On the certificate in question, I right-clicked, went to All Tasks, and then Manage Private Keys, which showed that SYSTEM, Network Service, RTC Local Read-only Administrators, RTC Local User Administrators, and RTC Server Local Group all had the correct permissions.. And just to be thorough, I also checked manually after figuring out which key was the correct one (and where Windows keeps them)…
1 2 3 4 |
$certificate = (Get-ChildItem -Path CERT: | Where-Object {$_.SerialNumber -eq "7841FC7ABF2025"}) $keyfile = $certificate.PrivateKey.CspKeyContainerInfo.UniqueKeyContainerName (Get-Acl "C:\ProgramData\Microsoft\Crypto\RSA\MachineKeys\$keyfile").Access | FT -AutoSize |
To recap. No permission issues, the certificate was valid, and the chain was trusted all the way to the top.
My final leap of faith led me to services.msc where I finally resolved the issue. It’s a shame after all the troubleshooting, that the fix is so simple. I went to the Log On tab of Lync Server Access Edge service, cleared out both password fields and re-applied the Network Service credentials.
I’m sorry to say, all clues up until now were pretty much useless. Nothing to do with the certificate at all. But I learnt a few nice PowerShell tricks with CERT: and Get-Acl along the way.
I had this error crop up in the middle of a day with no explanation. Everything checked out, and none of the solutions appeared to help.
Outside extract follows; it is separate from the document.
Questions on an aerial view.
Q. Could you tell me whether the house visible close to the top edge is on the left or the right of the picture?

I ended up explicitly adding an intermediate certificate to the trusted roots store (its issuing cert was there, which should be sufficient, but not it itself), which apparently resolved it — weird. Even stranger, nothing happened to its identically-configured peer.
As for the reversed certificate serials, unless I’m mistaken it wasn’t literally reversed, but reversed by octet — that is, 7841FC7ABF2025 should have been represented in the event log as 2520BF7AFC4178. (This kind of reversal is what I see in my environment.) I think this would likely be explained by byte ordering — big-endian vs. little-endian: http://en.wikipedia.org/wiki/Endianness
Thanks Jima, adding the intermediate cert to the trusted roots store got me going quickly again too.
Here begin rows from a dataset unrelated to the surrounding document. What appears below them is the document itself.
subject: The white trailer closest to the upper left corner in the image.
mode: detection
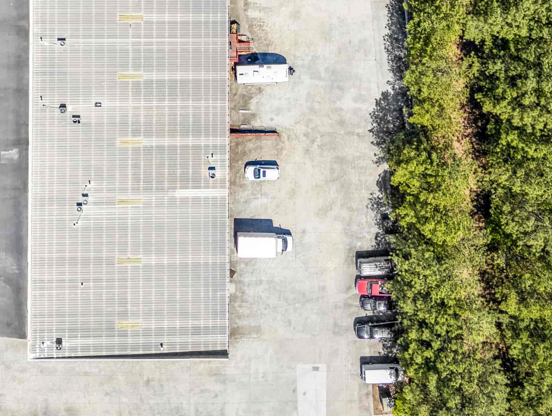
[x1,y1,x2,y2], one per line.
[230,64,296,87]
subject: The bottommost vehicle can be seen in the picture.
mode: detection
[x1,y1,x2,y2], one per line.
[361,364,405,387]
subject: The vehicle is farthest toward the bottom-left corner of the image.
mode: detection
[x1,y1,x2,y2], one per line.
[236,235,292,259]
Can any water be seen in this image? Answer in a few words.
No
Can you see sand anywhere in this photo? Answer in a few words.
No

Thx, adding intermediate to root store worked for us too.
Hi – Ditto on the octets. Also that the permissions / Network Service login weren’t the culprits for me. Instead…I simply had to add my GoDaddy *intermediate* cert to my “Intermediate Certification Authorities” truststore. Then the service started fine.
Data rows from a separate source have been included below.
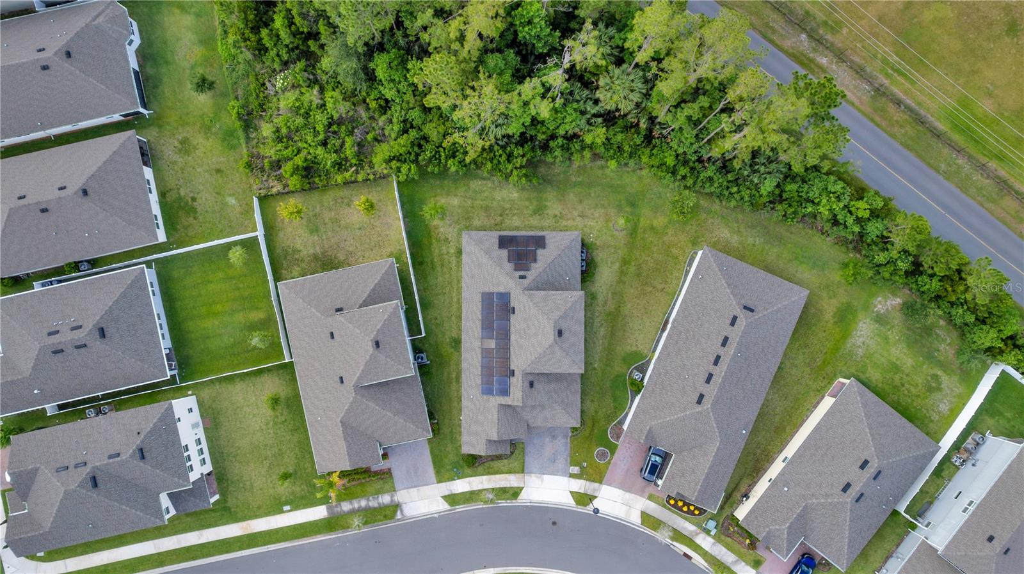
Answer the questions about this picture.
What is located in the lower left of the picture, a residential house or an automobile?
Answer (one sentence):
It is a residential house that can be seen in the lower left of the picture.
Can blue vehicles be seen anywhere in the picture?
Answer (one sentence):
Yes, there's a blue vehicle here.
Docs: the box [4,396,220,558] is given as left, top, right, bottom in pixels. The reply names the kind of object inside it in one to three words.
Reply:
house
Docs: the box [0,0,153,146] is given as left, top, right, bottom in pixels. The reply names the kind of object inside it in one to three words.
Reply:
house
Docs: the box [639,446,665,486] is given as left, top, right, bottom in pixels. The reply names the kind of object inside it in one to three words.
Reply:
car
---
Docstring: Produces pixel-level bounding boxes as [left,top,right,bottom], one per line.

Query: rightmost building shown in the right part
[875,435,1024,574]
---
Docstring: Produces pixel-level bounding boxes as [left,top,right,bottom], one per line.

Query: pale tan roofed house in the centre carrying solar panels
[462,231,585,455]
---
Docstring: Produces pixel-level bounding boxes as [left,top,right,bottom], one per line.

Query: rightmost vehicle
[789,551,816,574]
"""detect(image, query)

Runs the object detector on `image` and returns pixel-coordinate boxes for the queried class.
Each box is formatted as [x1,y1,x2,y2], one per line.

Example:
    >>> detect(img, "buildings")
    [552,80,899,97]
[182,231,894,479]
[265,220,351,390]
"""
[0,129,166,278]
[0,264,177,417]
[0,0,153,146]
[278,258,433,475]
[4,396,220,558]
[0,0,82,14]
[462,231,585,455]
[733,377,941,572]
[875,435,1024,574]
[624,246,809,514]
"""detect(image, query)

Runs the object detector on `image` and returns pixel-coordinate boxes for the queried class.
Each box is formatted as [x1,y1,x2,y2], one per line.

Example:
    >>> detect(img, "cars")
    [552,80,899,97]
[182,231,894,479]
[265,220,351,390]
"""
[789,551,816,574]
[639,446,665,486]

But still no clue on my side why it would – all of a sudden – want to do this to me. Thanks, M$ !!
Thx for this hint, this really fixed the problem here too…. Strange things happen…
Adding the intermediate certificate as trusted root resolved the problem here.
Spot on Jima – another case where it decided out of the blue that the certificate doesn’t work, and importing the Go Daddy intermediate certificate did the trick! Thanks very much.